■ Exercise prompt
Word-for-word transcription needed. Include every entry below but no pictures.

■ Data records
Segment Open
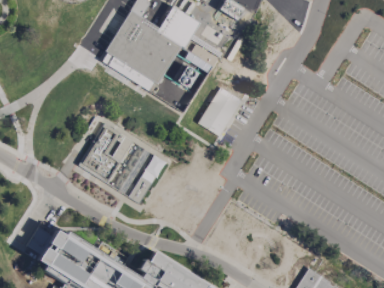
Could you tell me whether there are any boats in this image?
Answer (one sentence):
No, there is no boat in the image.
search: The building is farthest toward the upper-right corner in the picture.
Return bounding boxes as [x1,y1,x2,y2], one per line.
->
[220,0,246,20]
Segment Closed
■ Exercise solution
Could you tell me whether there are any boats in this image?
Answer (one sentence):
No, there is no boat in the image.
search: The building is farthest toward the upper-right corner in the picture.
Return bounding boxes as [x1,y1,x2,y2], one per line.
->
[220,0,246,20]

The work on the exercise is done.